* **Your assignment**
Type out each record word for word. Pictures stay out.

*** Begin section ***

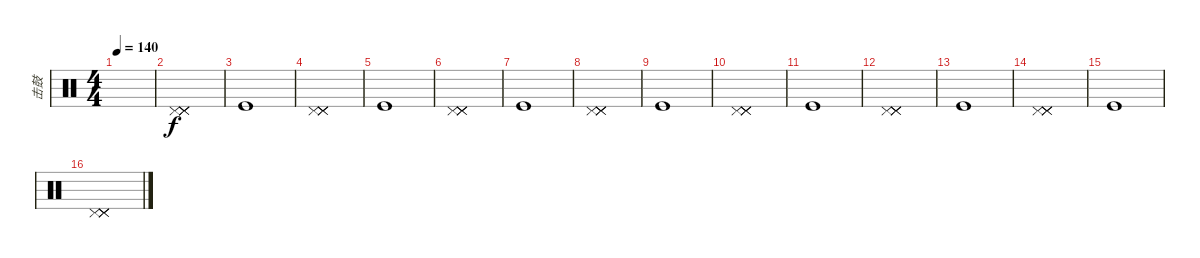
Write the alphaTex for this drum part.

\track ("击鼓" "击鼓") {instrument percussion}
\staff {score}
\articulation defaults
\ts (4 4)
\tempo 140
\clef neutral
\ks c
|
("Pedal Hi-Hat (hit)" "Pedal Hi-Hat (hit)" "Pedal Hi-Hat (hit)" "Pedal Hi-Hat (hit)").1 |
"Kick (hit)".1 |
("Pedal Hi-Hat (hit)" "Pedal Hi-Hat (hit)" "Pedal Hi-Hat (hit)" "Pedal Hi-Hat (hit)").1 |
"Kick (hit)".1 |
("Pedal Hi-Hat (hit)" "Pedal Hi-Hat (hit)" "Pedal Hi-Hat (hit)" "Pedal Hi-Hat (hit)").1 |
"Kick (hit)".1 |
("Pedal Hi-Hat (hit)" "Pedal Hi-Hat (hit)" "Pedal Hi-Hat (hit)" "Pedal Hi-Hat (hit)").1 |
"Kick (hit)".1 |
("Pedal Hi-Hat (hit)" "Pedal Hi-Hat (hit)" "Pedal Hi-Hat (hit)" "Pedal Hi-Hat (hit)").1 |
"Kick (hit)".1 |
("Pedal Hi-Hat (hit)" "Pedal Hi-Hat (hit)" "Pedal Hi-Hat (hit)" "Pedal Hi-Hat (hit)").1 |
"Kick (hit)".1 |
("Pedal Hi-Hat (hit)" "Pedal Hi-Hat (hit)" "Pedal Hi-Hat (hit)" "Pedal Hi-Hat (hit)").1 |
"Kick (hit)".1 |
("Pedal Hi-Hat (hit)" "Pedal Hi-Hat (hit)" "Pedal Hi-Hat (hit)" "Pedal Hi-Hat (hit)").1
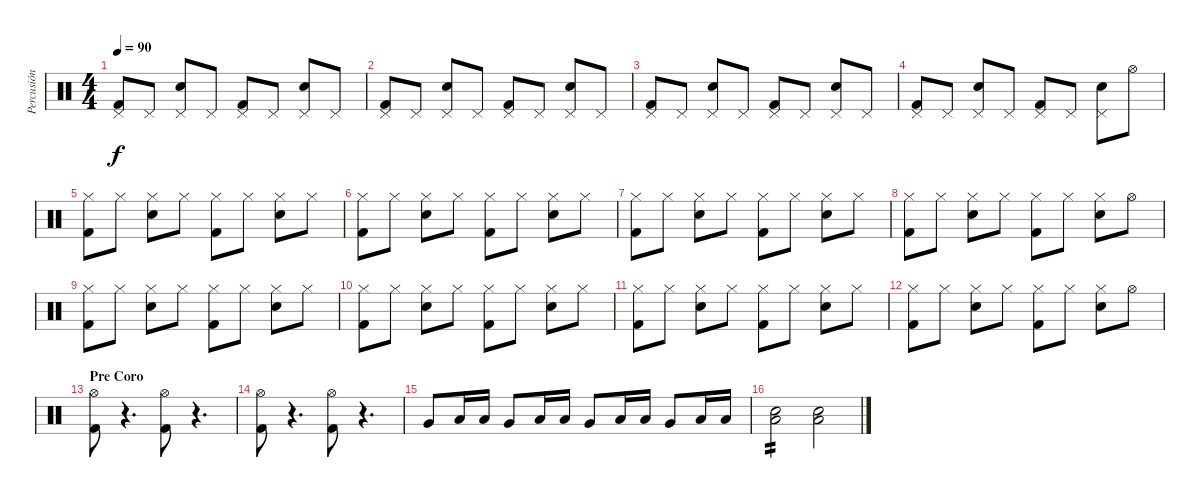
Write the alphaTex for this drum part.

\track ("Percusión" "Percusión") {instrument percussion}
\staff {score}
\articulation defaults
\ts (4 4)
\tempo 90
\clef neutral
\ks c
("Pedal Hi-Hat (hit)" "Kick (hit) 2").8{dy f} "Pedal Hi-Hat (hit)".8 ("Pedal Hi-Hat (hit)" "Snare (hit) 2").8 "Pedal Hi-Hat (hit)".8 ("Pedal Hi-Hat (hit)" "Kick (hit) 2").8 "Pedal Hi-Hat (hit)".8 ("Pedal Hi-Hat (hit)" "Snare (hit) 2").8 "Pedal Hi-Hat (hit)".8 |
("Pedal Hi-Hat (hit)" "Kick (hit) 2").8 "Pedal Hi-Hat (hit)".8 ("Pedal Hi-Hat (hit)" "Snare (hit) 2").8 "Pedal Hi-Hat (hit)".8 ("Pedal Hi-Hat (hit)" "Kick (hit) 2").8 "Pedal Hi-Hat (hit)".8 ("Pedal Hi-Hat (hit)" "Snare (hit) 2").8 "Pedal Hi-Hat (hit)".8 |
("Pedal Hi-Hat (hit)" "Kick (hit) 2").8 "Pedal Hi-Hat (hit)".8 ("Pedal Hi-Hat (hit)" "Snare (hit) 2").8 "Pedal Hi-Hat (hit)".8 ("Pedal Hi-Hat (hit)" "Kick (hit) 2").8 "Pedal Hi-Hat (hit)".8 ("Pedal Hi-Hat (hit)" "Snare (hit) 2").8 "Pedal Hi-Hat (hit)".8 |
("Pedal Hi-Hat (hit)" "Kick (hit) 2").8 "Pedal Hi-Hat (hit)".8 ("Pedal Hi-Hat (hit)" "Snare (hit) 2").8 "Pedal Hi-Hat (hit)".8 ("Pedal Hi-Hat (hit)" "Kick (hit) 2").8 "Pedal Hi-Hat (hit)".8 ("Pedal Hi-Hat (hit)" "Snare (hit) 2").8 "Hi-Hat (open)".8 |
("Hi-Hat (closed)" "Kick (hit) 2").8 "Hi-Hat (closed)".8 ("Hi-Hat (closed)" "Snare (hit) 2").8 "Hi-Hat (closed)".8 ("Hi-Hat (closed)" "Kick (hit) 2").8 "Hi-Hat (closed)".8 ("Hi-Hat (closed)" "Snare (hit) 2").8 "Hi-Hat (closed)".8 |
("Hi-Hat (closed)" "Kick (hit) 2").8 "Hi-Hat (closed)".8 ("Hi-Hat (closed)" "Snare (hit) 2").8 "Hi-Hat (closed)".8 ("Hi-Hat (closed)" "Kick (hit) 2").8 "Hi-Hat (closed)".8 ("Hi-Hat (closed)" "Snare (hit) 2").8 "Hi-Hat (closed)".8 |
("Hi-Hat (closed)" "Kick (hit) 2").8 "Hi-Hat (closed)".8 ("Hi-Hat (closed)" "Snare (hit) 2").8 "Hi-Hat (closed)".8 ("Hi-Hat (closed)" "Kick (hit) 2").8 "Hi-Hat (closed)".8 ("Hi-Hat (closed)" "Snare (hit) 2").8 "Hi-Hat (closed)".8 |
("Hi-Hat (closed)" "Kick (hit) 2").8 "Hi-Hat (closed)".8 ("Hi-Hat (closed)" "Snare (hit) 2").8 "Hi-Hat (closed)".8 ("Hi-Hat (closed)" "Kick (hit) 2").8 "Hi-Hat (closed)".8 ("Hi-Hat (closed)" "Snare (hit) 2").8 "Hi-Hat (open)".8 |
("Hi-Hat (closed)" "Kick (hit) 2").8 "Hi-Hat (closed)".8 ("Hi-Hat (closed)" "Snare (hit) 2").8 "Hi-Hat (closed)".8 ("Hi-Hat (closed)" "Kick (hit) 2").8 "Hi-Hat (closed)".8 ("Hi-Hat (closed)" "Snare (hit) 2").8 "Hi-Hat (closed)".8 |
("Hi-Hat (closed)" "Kick (hit) 2").8 "Hi-Hat (closed)".8 ("Hi-Hat (closed)" "Snare (hit) 2").8 "Hi-Hat (closed)".8 ("Hi-Hat (closed)" "Kick (hit) 2").8 "Hi-Hat (closed)".8 ("Hi-Hat (closed)" "Snare (hit) 2").8 "Hi-Hat (closed)".8 |
("Hi-Hat (closed)" "Kick (hit) 2").8 "Hi-Hat (closed)".8 ("Hi-Hat (closed)" "Snare (hit) 2").8 "Hi-Hat (closed)".8 ("Hi-Hat (closed)" "Kick (hit) 2").8 "Hi-Hat (closed)".8 ("Hi-Hat (closed)" "Snare (hit) 2").8 "Hi-Hat (closed)".8 |
("Hi-Hat (closed)" "Kick (hit) 2").8 "Hi-Hat (closed)".8 ("Hi-Hat (closed)" "Snare (hit) 2").8 "Hi-Hat (closed)".8 ("Hi-Hat (closed)" "Kick (hit) 2").8 "Hi-Hat (closed)".8 ("Hi-Hat (closed)" "Snare (hit) 2").8 "Hi-Hat (open)".8 |
\section ("" "Pre Coro")
("Kick (hit) 2" "Hi-Hat (open)").8 r.4{d} ("Kick (hit) 2" "Hi-Hat (open)").8 r.4{d} |
("Kick (hit) 2" "Hi-Hat (open)").8 r.4{d} ("Kick (hit) 2" "Hi-Hat (open)").8 r.4{d} |
"Very Low Tom (hit)".8 "Low Floor Tom (hit)".16 "Low Floor Tom (hit)".16 "Very Low Tom (hit)".8 "Low Floor Tom (hit)".16 "Low Floor Tom (hit)".16 "Very Low Tom (hit)".8 "Low Floor Tom (hit)".16 "Low Floor Tom (hit)".16 "Very Low Tom (hit)".8 "Low Floor Tom (hit)".16 "Low Floor Tom (hit)".16 |
("Low Floor Tom (hit)" "Snare (hit) 2").2{tp 2} ("Low Floor Tom (hit)" "Snare (hit) 2").2

*** End section ***

* **Reply**
Write the alphaTex for this drum part.

\track ("击鼓" "击鼓") {instrument percussion}
\staff {score}
\articulation defaults
\ts (4 4)
\tempo 140
\clef neutral
\ks c
|
("Pedal Hi-Hat (hit)" "Pedal Hi-Hat (hit)" "Pedal Hi-Hat (hit)" "Pedal Hi-Hat (hit)").1 |
"Kick (hit)".1 |
("Pedal Hi-Hat (hit)" "Pedal Hi-Hat (hit)" "Pedal Hi-Hat (hit)" "Pedal Hi-Hat (hit)").1 |
"Kick (hit)".1 |
("Pedal Hi-Hat (hit)" "Pedal Hi-Hat (hit)" "Pedal Hi-Hat (hit)" "Pedal Hi-Hat (hit)").1 |
"Kick (hit)".1 |
("Pedal Hi-Hat (hit)" "Pedal Hi-Hat (hit)" "Pedal Hi-Hat (hit)" "Pedal Hi-Hat (hit)").1 |
"Kick (hit)".1 |
("Pedal Hi-Hat (hit)" "Pedal Hi-Hat (hit)" "Pedal Hi-Hat (hit)" "Pedal Hi-Hat (hit)").1 |
"Kick (hit)".1 |
("Pedal Hi-Hat (hit)" "Pedal Hi-Hat (hit)" "Pedal Hi-Hat (hit)" "Pedal Hi-Hat (hit)").1 |
"Kick (hit)".1 |
("Pedal Hi-Hat (hit)" "Pedal Hi-Hat (hit)" "Pedal Hi-Hat (hit)" "Pedal Hi-Hat (hit)").1 |
"Kick (hit)".1 |
("Pedal Hi-Hat (hit)" "Pedal Hi-Hat (hit)" "Pedal Hi-Hat (hit)" "Pedal Hi-Hat (hit)").1
Write the alphaTex for this drum part.

\track ("Percusión" "Percusión") {instrument percussion}
\staff {score}
\articulation defaults
\ts (4 4)
\tempo 90
\clef neutral
\ks c
("Pedal Hi-Hat (hit)" "Kick (hit) 2").8{dy f} "Pedal Hi-Hat (hit)".8 ("Pedal Hi-Hat (hit)" "Snare (hit) 2").8 "Pedal Hi-Hat (hit)".8 ("Pedal Hi-Hat (hit)" "Kick (hit) 2").8 "Pedal Hi-Hat (hit)".8 ("Pedal Hi-Hat (hit)" "Snare (hit) 2").8 "Pedal Hi-Hat (hit)".8 |
("Pedal Hi-Hat (hit)" "Kick (hit) 2").8 "Pedal Hi-Hat (hit)".8 ("Pedal Hi-Hat (hit)" "Snare (hit) 2").8 "Pedal Hi-Hat (hit)".8 ("Pedal Hi-Hat (hit)" "Kick (hit) 2").8 "Pedal Hi-Hat (hit)".8 ("Pedal Hi-Hat (hit)" "Snare (hit) 2").8 "Pedal Hi-Hat (hit)".8 |
("Pedal Hi-Hat (hit)" "Kick (hit) 2").8 "Pedal Hi-Hat (hit)".8 ("Pedal Hi-Hat (hit)" "Snare (hit) 2").8 "Pedal Hi-Hat (hit)".8 ("Pedal Hi-Hat (hit)" "Kick (hit) 2").8 "Pedal Hi-Hat (hit)".8 ("Pedal Hi-Hat (hit)" "Snare (hit) 2").8 "Pedal Hi-Hat (hit)".8 |
("Pedal Hi-Hat (hit)" "Kick (hit) 2").8 "Pedal Hi-Hat (hit)".8 ("Pedal Hi-Hat (hit)" "Snare (hit) 2").8 "Pedal Hi-Hat (hit)".8 ("Pedal Hi-Hat (hit)" "Kick (hit) 2").8 "Pedal Hi-Hat (hit)".8 ("Pedal Hi-Hat (hit)" "Snare (hit) 2").8 "Hi-Hat (open)".8 |
("Hi-Hat (closed)" "Kick (hit) 2").8 "Hi-Hat (closed)".8 ("Hi-Hat (closed)" "Snare (hit) 2").8 "Hi-Hat (closed)".8 ("Hi-Hat (closed)" "Kick (hit) 2").8 "Hi-Hat (closed)".8 ("Hi-Hat (closed)" "Snare (hit) 2").8 "Hi-Hat (closed)".8 |
("Hi-Hat (closed)" "Kick (hit) 2").8 "Hi-Hat (closed)".8 ("Hi-Hat (closed)" "Snare (hit) 2").8 "Hi-Hat (closed)".8 ("Hi-Hat (closed)" "Kick (hit) 2").8 "Hi-Hat (closed)".8 ("Hi-Hat (closed)" "Snare (hit) 2").8 "Hi-Hat (closed)".8 |
("Hi-Hat (closed)" "Kick (hit) 2").8 "Hi-Hat (closed)".8 ("Hi-Hat (closed)" "Snare (hit) 2").8 "Hi-Hat (closed)".8 ("Hi-Hat (closed)" "Kick (hit) 2").8 "Hi-Hat (closed)".8 ("Hi-Hat (closed)" "Snare (hit) 2").8 "Hi-Hat (closed)".8 |
("Hi-Hat (closed)" "Kick (hit) 2").8 "Hi-Hat (closed)".8 ("Hi-Hat (closed)" "Snare (hit) 2").8 "Hi-Hat (closed)".8 ("Hi-Hat (closed)" "Kick (hit) 2").8 "Hi-Hat (closed)".8 ("Hi-Hat (closed)" "Snare (hit) 2").8 "Hi-Hat (open)".8 |
("Hi-Hat (closed)" "Kick (hit) 2").8 "Hi-Hat (closed)".8 ("Hi-Hat (closed)" "Snare (hit) 2").8 "Hi-Hat (closed)".8 ("Hi-Hat (closed)" "Kick (hit) 2").8 "Hi-Hat (closed)".8 ("Hi-Hat (closed)" "Snare (hit) 2").8 "Hi-Hat (closed)".8 |
("Hi-Hat (closed)" "Kick (hit) 2").8 "Hi-Hat (closed)".8 ("Hi-Hat (closed)" "Snare (hit) 2").8 "Hi-Hat (closed)".8 ("Hi-Hat (closed)" "Kick (hit) 2").8 "Hi-Hat (closed)".8 ("Hi-Hat (closed)" "Snare (hit) 2").8 "Hi-Hat (closed)".8 |
("Hi-Hat (closed)" "Kick (hit) 2").8 "Hi-Hat (closed)".8 ("Hi-Hat (closed)" "Snare (hit) 2").8 "Hi-Hat (closed)".8 ("Hi-Hat (closed)" "Kick (hit) 2").8 "Hi-Hat (closed)".8 ("Hi-Hat (closed)" "Snare (hit) 2").8 "Hi-Hat (closed)".8 |
("Hi-Hat (closed)" "Kick (hit) 2").8 "Hi-Hat (closed)".8 ("Hi-Hat (closed)" "Snare (hit) 2").8 "Hi-Hat (closed)".8 ("Hi-Hat (closed)" "Kick (hit) 2").8 "Hi-Hat (closed)".8 ("Hi-Hat (closed)" "Snare (hit) 2").8 "Hi-Hat (open)".8 |
\section ("" "Pre Coro")
("Kick (hit) 2" "Hi-Hat (open)").8 r.4{d} ("Kick (hit) 2" "Hi-Hat (open)").8 r.4{d} |
("Kick (hit) 2" "Hi-Hat (open)").8 r.4{d} ("Kick (hit) 2" "Hi-Hat (open)").8 r.4{d} |
"Very Low Tom (hit)".8 "Low Floor Tom (hit)".16 "Low Floor Tom (hit)".16 "Very Low Tom (hit)".8 "Low Floor Tom (hit)".16 "Low Floor Tom (hit)".16 "Very Low Tom (hit)".8 "Low Floor Tom (hit)".16 "Low Floor Tom (hit)".16 "Very Low Tom (hit)".8 "Low Floor Tom (hit)".16 "Low Floor Tom (hit)".16 |
("Low Floor Tom (hit)" "Snare (hit) 2").2{tp 2} ("Low Floor Tom (hit)" "Snare (hit) 2").2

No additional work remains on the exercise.